The original roofing material was undoubtedly wood shakes, and it's unknown whether they are still evident in the attic. 

 

SITE, USES

From where the school sat high on a hill (it was sometimes called Carroll Hill School), students could watch as nearby Texas 114, completed in 1932 along a roadbed purchased from a bankrupt railroad, was built by men using mules and graders. In 1934, along 114 and not far from the school, Bonnie and Clyde gunned down two Texas State Troopers. A few miles to the northeast sits Lonesome Dove Baptist Church, established in 1846. (The name Lonesome Dove was, as you probably know, made famous worldwide by author Larry McMurtry.) During WWII, troop convoys would move along 114, and the children would stand outside Carroll School and wave.

Carroll School remained an elementary school into the 1960s. After the growing district built an elementary school in the late 1960s, the old school did duty as a warehouse, art studio and bus transportation office. It was closed in 2001. It still houses maintenance-department supplies and late-20th-century desks, chairs and supplies that have outlasted their usefulness.

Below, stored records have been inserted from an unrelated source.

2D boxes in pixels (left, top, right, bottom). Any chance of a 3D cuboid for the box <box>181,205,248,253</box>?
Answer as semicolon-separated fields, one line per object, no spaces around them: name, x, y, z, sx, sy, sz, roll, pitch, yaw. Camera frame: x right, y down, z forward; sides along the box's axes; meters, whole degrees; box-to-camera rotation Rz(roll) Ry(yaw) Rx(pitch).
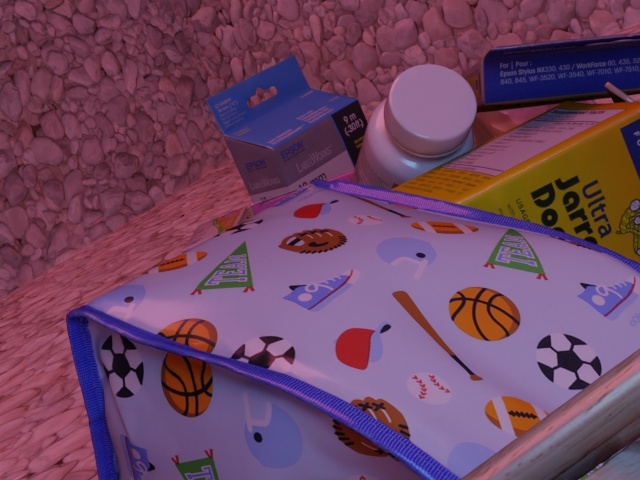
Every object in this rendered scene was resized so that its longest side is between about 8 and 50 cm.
box;-0.169;0.024;1.974;0.103;0.114;0.203;-22;11;8

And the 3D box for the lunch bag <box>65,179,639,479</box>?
lunch bag;0.064;0.122;0.828;0.385;0.239;0.328;10;29;34

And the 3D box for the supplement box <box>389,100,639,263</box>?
supplement box;0.196;0.010;1.164;0.356;0.195;0.194;-27;13;-9

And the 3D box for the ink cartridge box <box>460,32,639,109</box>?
ink cartridge box;0.335;-0.202;1.309;0.304;0.072;0.307;-5;7;2

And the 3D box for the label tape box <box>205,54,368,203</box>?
label tape box;-0.019;-0.140;1.863;0.106;0.333;0.241;-11;18;46

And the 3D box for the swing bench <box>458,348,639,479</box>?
swing bench;0.134;0.178;0.361;0.255;0.253;0.165;-29;-22;-18

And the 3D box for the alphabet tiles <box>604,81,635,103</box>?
alphabet tiles;0.416;-0.100;1.234;0.009;0.198;0.237;-53;-18;10

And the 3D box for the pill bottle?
pill bottle;0.115;-0.109;1.325;0.131;0.131;0.229;-28;-19;-18

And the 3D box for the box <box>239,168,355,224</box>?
box;0.000;0.000;1.531;0.214;0.117;0.243;-20;-8;-17

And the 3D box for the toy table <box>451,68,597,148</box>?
toy table;0.258;-0.129;1.576;0.274;0.252;0.161;-33;-11;34

Today, Carroll School sits adjacent to a five-building former intermediate- and high-school campus now used as a temporary DPS facility (while a new building is going up) and for offices of Carroll ISD special services. The high school, the district’s first, was constructed in the early 1960s. Other buildings in the group were built in the 1970s.

Adjacent to the Carroll School is something that many people might also have a passion for preserving: the first football field of the state champion Carroll Dragons. : )

For years, a forest of trees stood behind the school. Today, fenced pastures, a tin-roofed barn and groves of trees behind the school give it a rural flavor, but across the street a large office complex has just gone up, and a mega church has purchased a large parcel of land to the south. The school sits several hundred feet back from Carroll Avenue.

 

MAINTENANCE, RECOMMENDATIONS

No maintenance records can be found, and no one remembers any ever existing. Jack D. Johnson, who came to the district in 1957 as the principal and then superintenent, said he hired local men to do repairs as needed. An oral history tells of the children bringing rakes and such to clean the schoolyard the first day of school in the early 1920s. The principal is remembered as the one in charge of maintenance.

Mr. Johnson told of repointing as part of the maintenance done to the building after he arrived in 1957; surely it had been done before that as well. The repointing the Mr. Johnson directed was done by locals using locally available materials. It’s hard to see what color and texture it is because of the paint.  In one obvious place near the front door, school maintenance workers tried to blast the paint off.  The work was stopped when it became obvious that the mortar was coming out, too.  In a few places, the mortar has been replaced with cement.

Cement and other inappropriate repairs are destructive to old brick and the building overall.

The roof was last replaced in 1991, and it is said to leak in at least one place. Missing mortar and the two vertical seams where the additions join the original school also present opportunities for water to enter the school. Termites are also a threat to the building.

I have talked with Dr. Faltys, Derek Citty, Chauncey Willingham and School Board President Erin Shoupp, and all have been helpful. They and other school and community leaders have expressed an interest in preserving Carroll School. Preservation grants, tax credits for fixing up a historic building for commercial purposes, private donations and some public money could be used to preserve the school for its educational and tourism value (as a rare example of an old county school).

The school district will be selling the property, perhaps within a year or two.

Since fall 2008, I have recommended that a preservation specialist assess the building and advise how to "mothball" it (according to the Secretary of the Interior's guidelines). At the least, I recommend that the most-important repairs be made so that the building will remain structurally sound and usable into the future.